Maybe unsurprising, I have the same problem with note-taking and I’ve attempted and abandoned countless platforms. Recently I bought Nextcloud hosting for my photos and I can happily report that my photos and files are synchronized nicely. Then I discovered Obsidian and found that using Nextcloud to sync my notes allowed my to have them everywhere.
Obsidian is a markdown editor, with a twist. It offers zeitgeist or outliner features that otherwise were limited to expensive tools or org-mode in Emacs.
I use it for work, for my daily notes, recipies and now recently, blogging. In case you’re curious of the theme, it’s California Coast and a few plugins. Send me a DM if you want the list.
What I wanted from the workflow
- Write stuff in Obsidian on any of my computers.
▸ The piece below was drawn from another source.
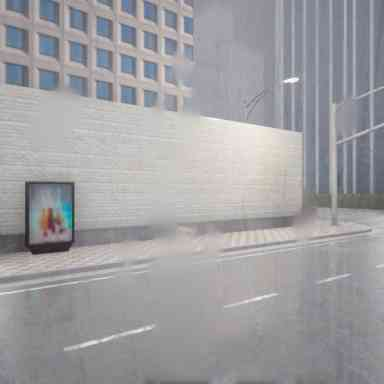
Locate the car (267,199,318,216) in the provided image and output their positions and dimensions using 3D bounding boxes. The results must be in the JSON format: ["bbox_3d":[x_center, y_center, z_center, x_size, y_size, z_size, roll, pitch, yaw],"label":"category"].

- Add frontmatter tags to my blog-post.
- Go to bed and have my site automatically updated if there are any new posts.
- Wake up the next morning and read comments about my blog post.
If you’re thinking…
Then you’re absolutely right. But if you can’t overengineer your personal projects, then there is something wrong with the world. Image credit.
Before we get started
You can skip this if you don’t plan on repeating my experiment.
I must add that this isn’t exactly production ready, since I had to modify some plugins to make this work. Proceed at your own risk.
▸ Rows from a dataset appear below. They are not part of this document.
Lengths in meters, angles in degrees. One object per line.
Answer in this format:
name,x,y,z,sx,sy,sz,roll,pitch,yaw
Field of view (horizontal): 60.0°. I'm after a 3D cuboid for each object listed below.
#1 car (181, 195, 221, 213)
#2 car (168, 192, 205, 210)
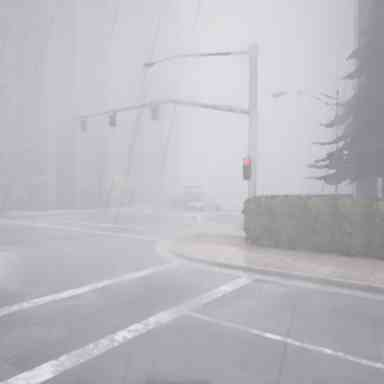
car,1.279,1.329,34.691,1.812,1.442,4.674,1,0,36
car,-0.376,0.990,38.371,2.150,2.045,5.566,1,0,36

- Install or sign up for Nextcloud
- Install Nextcloud client
- Install Obsidian
- Setup a new Gatsby site or use an existing one.
Setting up your vault
I have a one big vault in Obsidian and source my blog posts from blog/
. So anything in there will get picked up by Gatsby (more on that later). Nextcloud will sync your files across all of your computers.
Writing Markdown is easy, but if you want to know more, I recommend Github’s Mastering Markdown.
Obsidian also supports drag-and-drop on images, so I just drop them into my editor and Obsidian copies the files.
Note: By default, Obsidian puts them in the root of your vault. I have “Files & Links > Default Location for New Attachments” set to “Same folder as current file”. Also be sure to set “Use [[Wikilinks]]” to “false”.
Writing blog posts
At this point you have Obsidian setup and Nextcloud syncing your files to a server. Create a new file in blog/2021/testing.md
and add some frontmatter data to it.
```md
---
title: Overriding blog title
tags: ["gatsby", "nextcloud", "obsidian"]
---
## I am a test blog post
Fear my grammar skills!
```
Syncing to Nextcloud
After you’ve created your first blog-post, check your Nextcloud instance to verify the changes were synced.
I use a seperate user that only has read-access to my blog directory for security reasons, but to keep things simple; I’m going to skip that part.
Enter the Great Gatsby
Installing the plugins
You need to install the following plugins for this to work.
- @andrioid/gatsby-source-webdav: Allows us to fetch Gatsby nodes from webdav. This is basically this with a newer version of webdav and support for remark nodes. I tried getting a PR merged, but received no response. I’d be happy to try again if the author wishes me to.
- gatsby-remark-webdav: Something i hacked together. Not ready to release on NPM yet. Only use this if you need image assets from webdav. It parses your markdown posts from webdav and searches for images. If then copies the images and makes relative links work during the build process.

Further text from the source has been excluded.